One of the saddest parts of the story to my nieces was Prim’s death. She was their age, and it’s understandable that it would hit them the hardest. What hit me about Prim’s death was her seeming destiny to die. She was the one picked at the Reaping, not Katniss. Katniss volunteered to go to the Hunger Games to save her sister’s life. She volunteered to die for her. But in the end it was Prim who died, Katniss who survived–against all odds. What irony.

Another part that stuck out to me was at the end, the conversation between Plutarch and Katniss:

“Are you preparing for another war, Plutarch?” I ask.

“Oh, not now. Now we’re in that sweet period where everyone agrees that our recent horrors should never be repeated,” he says. “But collected thinking is usually short-lived. We’re fickle, stupid beings with poor memories and a great gift for self-destruction. Although who knows? Maybe this will be it, Katniss.”

“What?” I ask.

“The time it sticks. Maybe we are witnessing the evolution of the human race. Think about that.”

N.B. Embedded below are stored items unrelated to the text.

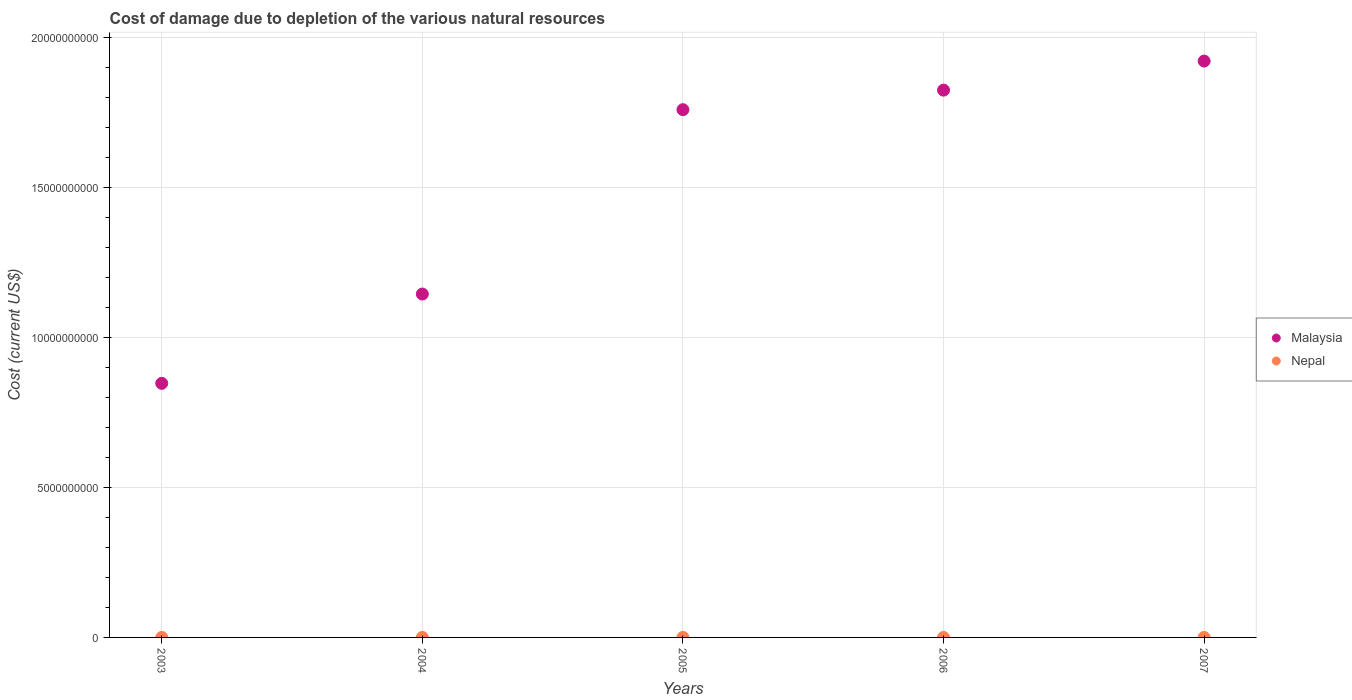How many different coloured dotlines are there?
Provide a succinct answer. 2. Is the number of dotlines equal to the number of legend labels?
Your response must be concise. Yes. What is the cost of damage caused due to the depletion of various natural resources in Malaysia in 2005?
Your answer should be compact. 1.76e+1. Across all years, what is the maximum cost of damage caused due to the depletion of various natural resources in Malaysia?
Your answer should be compact. 1.92e+1. Across all years, what is the minimum cost of damage caused due to the depletion of various natural resources in Malaysia?
Offer a terse response. 8.47e+09. In which year was the cost of damage caused due to the depletion of various natural resources in Malaysia maximum?
Provide a short and direct response. 2007. In which year was the cost of damage caused due to the depletion of various natural resources in Nepal minimum?
Make the answer very short. 2003. What is the total cost of damage caused due to the depletion of various natural resources in Nepal in the graph?
Your answer should be compact. 9.70e+05. What is the difference between the cost of damage caused due to the depletion of various natural resources in Nepal in 2004 and that in 2007?
Offer a terse response. -1.39e+05. What is the difference between the cost of damage caused due to the depletion of various natural resources in Malaysia in 2005 and the cost of damage caused due to the depletion of various natural resources in Nepal in 2007?
Offer a very short reply. 1.76e+1. What is the average cost of damage caused due to the depletion of various natural resources in Malaysia per year?
Make the answer very short. 1.50e+1. In the year 2007, what is the difference between the cost of damage caused due to the depletion of various natural resources in Malaysia and cost of damage caused due to the depletion of various natural resources in Nepal?
Offer a very short reply. 1.92e+1. What is the ratio of the cost of damage caused due to the depletion of various natural resources in Malaysia in 2004 to that in 2005?
Keep it short and to the point. 0.65. Is the difference between the cost of damage caused due to the depletion of various natural resources in Malaysia in 2003 and 2004 greater than the difference between the cost of damage caused due to the depletion of various natural resources in Nepal in 2003 and 2004?
Offer a terse response. No. What is the difference between the highest and the second highest cost of damage caused due to the depletion of various natural resources in Nepal?
Provide a succinct answer. 1.12e+04. What is the difference between the highest and the lowest cost of damage caused due to the depletion of various natural resources in Nepal?
Your answer should be compact. 2.63e+05. Does the cost of damage caused due to the depletion of various natural resources in Nepal monotonically increase over the years?
Offer a very short reply. No. Is the cost of damage caused due to the depletion of various natural resources in Nepal strictly greater than the cost of damage caused due to the depletion of various natural resources in Malaysia over the years?
Your response must be concise. No. Is the cost of damage caused due to the depletion of various natural resources in Malaysia strictly less than the cost of damage caused due to the depletion of various natural resources in Nepal over the years?
Offer a very short reply. No. How many dotlines are there?
Make the answer very short. 2. How many years are there in the graph?
Provide a short and direct response. 5. What is the difference between two consecutive major ticks on the Y-axis?
Make the answer very short. 5.00e+09. Are the values on the major ticks of Y-axis written in scientific E-notation?
Your response must be concise. No. Does the graph contain any zero values?
Offer a terse response. No. Does the graph contain grids?
Make the answer very short. Yes. How many legend labels are there?
Your response must be concise. 2. How are the legend labels stacked?
Your answer should be very brief. Vertical. What is the title of the graph?
Offer a terse response. Cost of damage due to depletion of the various natural resources. Does "Malta" appear as one of the legend labels in the graph?
Make the answer very short. No. What is the label or title of the X-axis?
Your response must be concise. Years. What is the label or title of the Y-axis?
Give a very brief answer. Cost (current US$). What is the Cost (current US$) of Malaysia in 2003?
Keep it short and to the point. 8.47e+09. What is the Cost (current US$) in Nepal in 2003?
Your response must be concise. 4.26e+04. What is the Cost (current US$) of Malaysia in 2004?
Your response must be concise. 1.14e+1. What is the Cost (current US$) of Nepal in 2004?
Offer a terse response. 1.67e+05. What is the Cost (current US$) of Malaysia in 2005?
Ensure brevity in your answer.  1.76e+1. What is the Cost (current US$) of Nepal in 2005?
Provide a short and direct response. 1.60e+05. What is the Cost (current US$) in Malaysia in 2006?
Provide a succinct answer. 1.82e+1. What is the Cost (current US$) of Nepal in 2006?
Keep it short and to the point. 2.95e+05. What is the Cost (current US$) in Malaysia in 2007?
Provide a succinct answer. 1.92e+1. What is the Cost (current US$) in Nepal in 2007?
Your answer should be very brief. 3.06e+05. Across all years, what is the maximum Cost (current US$) of Malaysia?
Your response must be concise. 1.92e+1. Across all years, what is the maximum Cost (current US$) of Nepal?
Provide a short and direct response. 3.06e+05. Across all years, what is the minimum Cost (current US$) of Malaysia?
Offer a terse response. 8.47e+09. Across all years, what is the minimum Cost (current US$) in Nepal?
Your answer should be compact. 4.26e+04. What is the total Cost (current US$) in Malaysia in the graph?
Offer a very short reply. 7.49e+1. What is the total Cost (current US$) of Nepal in the graph?
Make the answer very short. 9.70e+05. What is the difference between the Cost (current US$) in Malaysia in 2003 and that in 2004?
Your response must be concise. -2.98e+09. What is the difference between the Cost (current US$) in Nepal in 2003 and that in 2004?
Keep it short and to the point. -1.24e+05. What is the difference between the Cost (current US$) in Malaysia in 2003 and that in 2005?
Give a very brief answer. -9.12e+09. What is the difference between the Cost (current US$) of Nepal in 2003 and that in 2005?
Make the answer very short. -1.18e+05. What is the difference between the Cost (current US$) of Malaysia in 2003 and that in 2006?
Provide a short and direct response. -9.77e+09. What is the difference between the Cost (current US$) of Nepal in 2003 and that in 2006?
Provide a short and direct response. -2.52e+05. What is the difference between the Cost (current US$) of Malaysia in 2003 and that in 2007?
Give a very brief answer. -1.07e+1. What is the difference between the Cost (current US$) in Nepal in 2003 and that in 2007?
Give a very brief answer. -2.63e+05. What is the difference between the Cost (current US$) of Malaysia in 2004 and that in 2005?
Ensure brevity in your answer.  -6.14e+09. What is the difference between the Cost (current US$) of Nepal in 2004 and that in 2005?
Keep it short and to the point. 6525.26. What is the difference between the Cost (current US$) of Malaysia in 2004 and that in 2006?
Offer a very short reply. -6.79e+09. What is the difference between the Cost (current US$) in Nepal in 2004 and that in 2006?
Provide a succinct answer. -1.28e+05. What is the difference between the Cost (current US$) of Malaysia in 2004 and that in 2007?
Offer a terse response. -7.76e+09. What is the difference between the Cost (current US$) in Nepal in 2004 and that in 2007?
Offer a terse response. -1.39e+05. What is the difference between the Cost (current US$) in Malaysia in 2005 and that in 2006?
Provide a succinct answer. -6.51e+08. What is the difference between the Cost (current US$) of Nepal in 2005 and that in 2006?
Offer a terse response. -1.34e+05. What is the difference between the Cost (current US$) in Malaysia in 2005 and that in 2007?
Offer a very short reply. -1.62e+09. What is the difference between the Cost (current US$) of Nepal in 2005 and that in 2007?
Offer a terse response. -1.45e+05. What is the difference between the Cost (current US$) of Malaysia in 2006 and that in 2007?
Offer a terse response. -9.69e+08. What is the difference between the Cost (current US$) in Nepal in 2006 and that in 2007?
Keep it short and to the point. -1.12e+04. What is the difference between the Cost (current US$) in Malaysia in 2003 and the Cost (current US$) in Nepal in 2004?
Your response must be concise. 8.47e+09. What is the difference between the Cost (current US$) of Malaysia in 2003 and the Cost (current US$) of Nepal in 2005?
Offer a terse response. 8.47e+09. What is the difference between the Cost (current US$) in Malaysia in 2003 and the Cost (current US$) in Nepal in 2006?
Ensure brevity in your answer.  8.47e+09. What is the difference between the Cost (current US$) of Malaysia in 2003 and the Cost (current US$) of Nepal in 2007?
Provide a short and direct response. 8.47e+09. What is the difference between the Cost (current US$) in Malaysia in 2004 and the Cost (current US$) in Nepal in 2005?
Offer a very short reply. 1.14e+1. What is the difference between the Cost (current US$) in Malaysia in 2004 and the Cost (current US$) in Nepal in 2006?
Your answer should be compact. 1.14e+1. What is the difference between the Cost (current US$) in Malaysia in 2004 and the Cost (current US$) in Nepal in 2007?
Offer a terse response. 1.14e+1. What is the difference between the Cost (current US$) of Malaysia in 2005 and the Cost (current US$) of Nepal in 2006?
Give a very brief answer. 1.76e+1. What is the difference between the Cost (current US$) of Malaysia in 2005 and the Cost (current US$) of Nepal in 2007?
Your answer should be compact. 1.76e+1. What is the difference between the Cost (current US$) of Malaysia in 2006 and the Cost (current US$) of Nepal in 2007?
Provide a succinct answer. 1.82e+1. What is the average Cost (current US$) in Malaysia per year?
Ensure brevity in your answer.  1.50e+1. What is the average Cost (current US$) of Nepal per year?
Provide a succinct answer. 1.94e+05. In the year 2003, what is the difference between the Cost (current US$) in Malaysia and Cost (current US$) in Nepal?
Your answer should be very brief. 8.47e+09. In the year 2004, what is the difference between the Cost (current US$) of Malaysia and Cost (current US$) of Nepal?
Provide a succinct answer. 1.14e+1. In the year 2005, what is the difference between the Cost (current US$) in Malaysia and Cost (current US$) in Nepal?
Provide a succinct answer. 1.76e+1. In the year 2006, what is the difference between the Cost (current US$) of Malaysia and Cost (current US$) of Nepal?
Keep it short and to the point. 1.82e+1. In the year 2007, what is the difference between the Cost (current US$) in Malaysia and Cost (current US$) in Nepal?
Your answer should be compact. 1.92e+1. What is the ratio of the Cost (current US$) in Malaysia in 2003 to that in 2004?
Keep it short and to the point. 0.74. What is the ratio of the Cost (current US$) of Nepal in 2003 to that in 2004?
Give a very brief answer. 0.26. What is the ratio of the Cost (current US$) of Malaysia in 2003 to that in 2005?
Provide a succinct answer. 0.48. What is the ratio of the Cost (current US$) in Nepal in 2003 to that in 2005?
Ensure brevity in your answer.  0.27. What is the ratio of the Cost (current US$) in Malaysia in 2003 to that in 2006?
Keep it short and to the point. 0.46. What is the ratio of the Cost (current US$) of Nepal in 2003 to that in 2006?
Give a very brief answer. 0.14. What is the ratio of the Cost (current US$) of Malaysia in 2003 to that in 2007?
Provide a short and direct response. 0.44. What is the ratio of the Cost (current US$) of Nepal in 2003 to that in 2007?
Offer a terse response. 0.14. What is the ratio of the Cost (current US$) of Malaysia in 2004 to that in 2005?
Ensure brevity in your answer.  0.65. What is the ratio of the Cost (current US$) of Nepal in 2004 to that in 2005?
Give a very brief answer. 1.04. What is the ratio of the Cost (current US$) of Malaysia in 2004 to that in 2006?
Your answer should be very brief. 0.63. What is the ratio of the Cost (current US$) in Nepal in 2004 to that in 2006?
Offer a terse response. 0.57. What is the ratio of the Cost (current US$) in Malaysia in 2004 to that in 2007?
Give a very brief answer. 0.6. What is the ratio of the Cost (current US$) of Nepal in 2004 to that in 2007?
Provide a succinct answer. 0.55. What is the ratio of the Cost (current US$) of Malaysia in 2005 to that in 2006?
Offer a terse response. 0.96. What is the ratio of the Cost (current US$) in Nepal in 2005 to that in 2006?
Your answer should be very brief. 0.54. What is the ratio of the Cost (current US$) in Malaysia in 2005 to that in 2007?
Provide a succinct answer. 0.92. What is the ratio of the Cost (current US$) in Nepal in 2005 to that in 2007?
Your answer should be very brief. 0.52. What is the ratio of the Cost (current US$) in Malaysia in 2006 to that in 2007?
Offer a terse response. 0.95. What is the ratio of the Cost (current US$) in Nepal in 2006 to that in 2007?
Provide a succinct answer. 0.96. What is the difference between the highest and the second highest Cost (current US$) in Malaysia?
Give a very brief answer. 9.69e+08. What is the difference between the highest and the second highest Cost (current US$) in Nepal?
Your answer should be very brief. 1.12e+04. What is the difference between the highest and the lowest Cost (current US$) of Malaysia?
Make the answer very short. 1.07e+1. What is the difference between the highest and the lowest Cost (current US$) in Nepal?
Your answer should be very brief. 2.63e+05.

I doubt it. I have heard that the human race will be destroyed, and only those who chose to follow God will be saved. No, this cycle of war and peace will continue until God decides the end has come. God forbid my children should have to live through any war. But there’s no guarantee. I try not to think about what horrors my descendants will have to endure. It doesn’t do any good to dwell on that. I remember ten years ago how afraid I was to give birth, and how guilty I felt after I did. I didn’t want to bring a child into this world where one thing is guaranteed – that they will suffer. But something else won out, and I’m glad it did. In the epilogue of Mockingjay is a song that Katniss and Peeta’s children take for granted:

“Deep in the meadow, under the willow

A bed of grass, a soft green pillow

Lay down your head, and close your sleepy eyes

And when again they open, the sun will rise.

Here it’s safe, here it’s warm

Here the daisies guard you from every harm

Here your dreams are sweet and tomorrow brings them true

Here is the place where I love you.”

My children take that song for granted too. At least for now. And I am so grateful for that.

My favorite part of the book is when Katniss and Peeta finally get together. It’s what I was hoping for, but I did not know what would happen. When he whispers to her, “You love me. Real or not real?” and she tells him, “Real,” it’s so romantic! My husband is going to tease me for that, but I don’t care! I am a girl, after all.

I have heard some criticism on The Hunger Games series – that they are trash, that the violence was gratuitous, that no one should read them or allow their children to read them. On careful reflection I have to disagree. I don’t criticize the opinion, I just don’t agree. I am a very sensitive person and when something is not right, I can FEEL it. And I did not feel that these books were trash or that I should put them down. Yes, war is horrible, and I think only older children, usually teenagers, are mature enough to read about it like this. The author admits that it’s for older kids, and says she tried hard to not make the violence gratuitous. War is an important subject for people to learn about. We can’t just turn away because the topic is hard. The story of Jesus’s torture and death is horribly violent, but I certainly teach my children about it. The awful details are saved for when they’re old enough, but the story is still told. So I’ll hold on to these books to share with my sons in a few years, the same way I’m just beginning to share the also-highly-criticized Harry Potter series.

I’m always grateful for a good story. Any recommendations?